The theme for IU women's swim and dive team this season is a building culture.
Over the last four years, the IU women’s swim and dive program has moved to a position among the nation’s elite.
“This is a much different team than it was when I came in,” IU senior Lilly King said.
In the 2018-19 season, a Big Ten title and a national crown are certainly within reach — particularly with the conference championships taking place in Bloomington.
“We’ve really been able to get some top recruits to commit and come to IU,” diving Coach Drew Johansen said. “I see our women’s team vying for that top spot, top diving program in the country, just like the men. It would be nice to see that happen, both programs, in the same year.”
Last year, the women’s swim and dive team ranked ninth in the country, and both the swimming and diving sides have top athletes returning to Bloomington this year.
For the swimmers, all conversations start and end with King.
She’s a Big Ten champion, a national champion, an Olympic champion and a world record holder. Her competition in the 2018-19 season is no one but herself as she looks to take down her own personal best times.
In her final season at IU, King will be a leader to the younger swimmers on the team.
“I want to kick butt, and do things I haven’t done before," King said. "Hopefully breaking 56 seconds in the 100 breast stroke, that’s been my goal since freshman year, winning both my events at NCAA's and having a good all-around year.”
The team itself is a relatively young group, with just seven seniors.
Of the freshmen, Christin Rockway may be the most anticipated.
Rockway joins the Hoosiers from Valrico, Florida and has had a strong summer leading to her first season in Bloomington. As students at IU began the 2018 fall semester, Rockway was in Fiji, competing in the Junior Pan Pacific Championships.

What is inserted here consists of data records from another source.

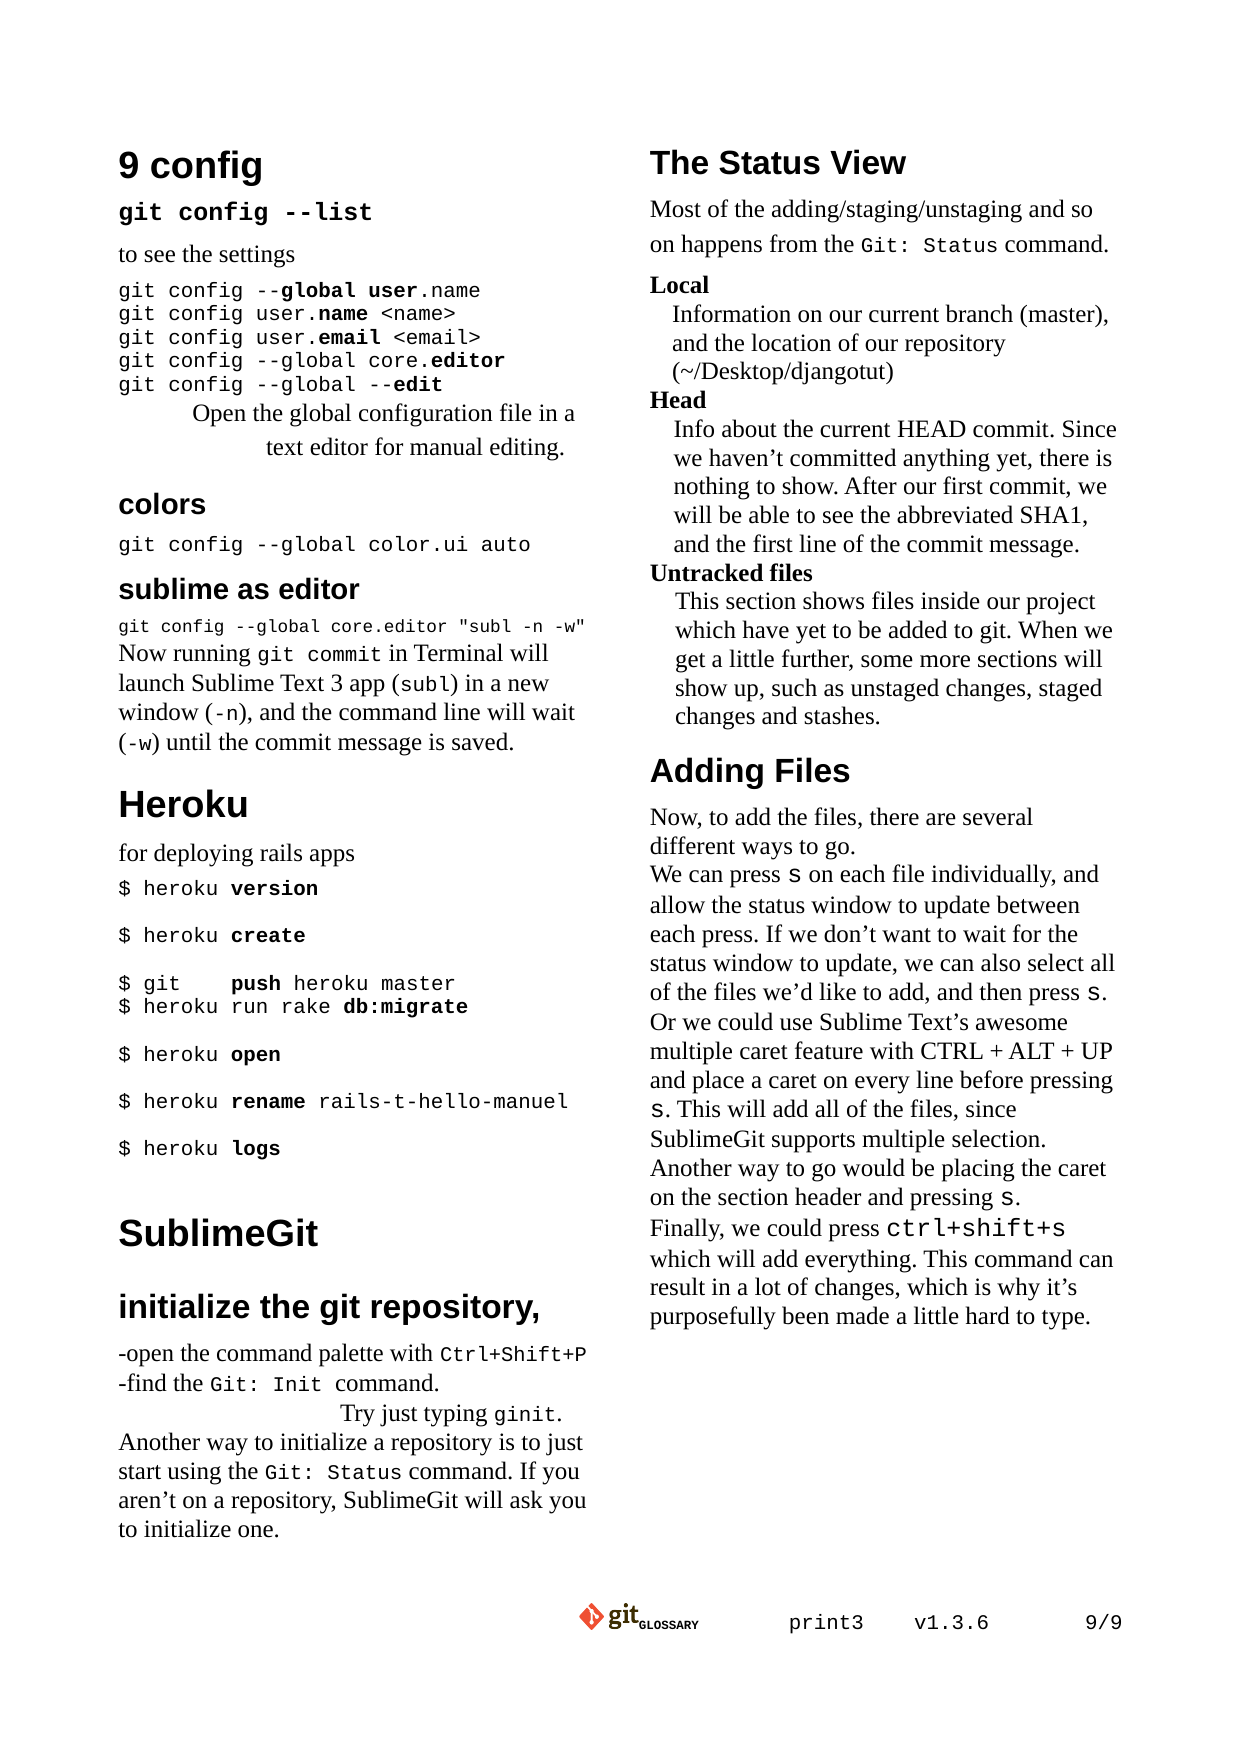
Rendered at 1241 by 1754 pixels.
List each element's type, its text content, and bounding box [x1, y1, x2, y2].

text Another way to go would be placing the caret on the section header and pressing s. [649, 1153, 1122, 1213]
text git config --list [118, 199, 591, 228]
text $ git push heroku master [118, 973, 591, 996]
text Now running git commit in Terminal will launch Sublime Text 3 app (subl) in a new window (-n), and the command line will wait (-w) until the commit message is saved. [118, 638, 591, 756]
subtitle Adding Files [649, 751, 1122, 789]
text git config --global user.name [118, 279, 591, 303]
picture [579, 1603, 639, 1630]
text $ heroku run rake db:migrate [118, 996, 591, 1020]
text We can press s on each file individually, and allow the status window to update between each press. If we don’t want to wait for the status window to update, we can also select all of the files we’d like to add, and then press s. Or we could use Sublime Text’s awesome multiple caret feature with CTRL + ALT + UP and place a caret on every line before pressing s. This will add all of the files, since SublimeGit supports multiple selection. [649, 859, 1122, 1153]
text $ heroku logs [118, 1138, 591, 1162]
subtitle colors [118, 487, 591, 521]
subtitle SublimeGit [118, 1210, 591, 1254]
text git config --global --edit [118, 374, 591, 398]
subtitle Heroku [118, 781, 591, 825]
text -open the command palette with Ctrl+Shift+P [118, 1338, 591, 1368]
subtitle Untracked files [649, 558, 1122, 586]
subtitle The Status View [649, 143, 1122, 182]
text git config --global core.editor "subl -n -w" [118, 618, 591, 638]
subtitle Head [649, 385, 1122, 414]
text Another way to initialize a repository is to just start using the Git: Status command. If you aren’t on a repository, SublimeGit will ask you to initialize one. [118, 1427, 591, 1543]
text for deploying rails apps [118, 838, 591, 866]
list This section shows files inside our project which have yet to be added to git. When we get a little further, some more sections will show up, such as unstaged changes, staged changes and stashes. [675, 586, 1122, 730]
subtitle 9 config [118, 143, 591, 187]
text git config user.email <email> [118, 327, 591, 351]
text git config user.name <name> [118, 303, 591, 327]
text $ heroku create [118, 925, 591, 949]
text -find the Git: Init command. [118, 1368, 591, 1398]
subtitle Local [649, 270, 1122, 299]
text git config --global color.ui auto [118, 533, 591, 557]
subtitle sublime as editor [118, 572, 591, 606]
list Information on our current branch (master), and the location of our repository (~/Desktop/djangotut) [672, 299, 1122, 385]
text Try just typing ginit. [118, 1398, 591, 1427]
list Info about the current HEAD commit. Since we haven’t committed anything yet, there is nothing to show. After our first commit, we will be able to see the abbreviated SHA1, and the first line of the commit message. [673, 414, 1122, 558]
subtitle initialize the git repository, [118, 1287, 591, 1326]
text $ heroku open [118, 1043, 591, 1067]
text to see the settings [118, 239, 591, 268]
text $ heroku rename rails-t-hello-manuel [118, 1091, 591, 1114]
text Most of the adding/staging/unstaging and so on happens from the Git: Status command. [649, 194, 1122, 258]
text git config --global core.editor [118, 351, 591, 374]
text Now, to add the files, there are several different ways to go. [649, 802, 1122, 859]
text $ heroku version [118, 878, 591, 902]
text Finally, we could press ctrl+shift+s which will add everything. This command can result in a lot of changes, which is why it’s purposefully been made a little hard to type. [649, 1213, 1122, 1330]
text Open the global configuration file in a text editor for manual editing. [118, 398, 591, 461]

In addition, the Hoosiers will be adding another member of the Looze family this season. Mackenzie Looze, the daughter of swimming Coach Ray Looze, joins the IU team as a freshman this season. Looze also competed in the Phillips 66 Nationals.
On the diving side, the Hoosiers will once again be led by senior Jessica Parratto — who is in her sixth year at IU. She was the IU female athlete of the year in 2015, a U.S. Olympian in 2016 and a two-time defending Big Ten champion in the platform dive.
“These six years go by fast,” Parratto said. “I’m going to cherish every moment, and definitely give 110 percent every single time I compete for my girls.”
Johansen also discussed the effect Parratto has had on the IU program.
She has been a key part of turning IU into a national contender, and she has helped the Hoosiers immensely in recruiting. Parratto has given legitimacy to IU as high school divers go through the recruitment process.
It’s an effect King, and now graduated Kennedy Goss, have had on the swimming side. The dominance of those two during their careers in Bloomington has helped the Hoosiers bring in talented classes of freshmen year after year, which will keep the program strong even after King and Parratto leave.
Though for now, the Hoosiers can’t practice in their home pool. As repairs are being conducted on the Olympic-size pool at the Student Recreational Sports Center until October, the Hoosiers will practice at the two outdoor pools on campus.
The start date of the King and Parratto farewell tour is not yet known, as the 2018-19 season schedule is not out. Last season, the Hoosiers didn’t start their season until Oct. 20.
IU will be competing in the ACC/Big Ten challenge at Purdue early in the season before ultimately coming back to Bloomington for the Big Ten championship meet.
The 2018-19 season will mark the end of an era for King and Parratto — both of whom have changed the IU swim and dive program.
They will look to leave Bloomington with a bang.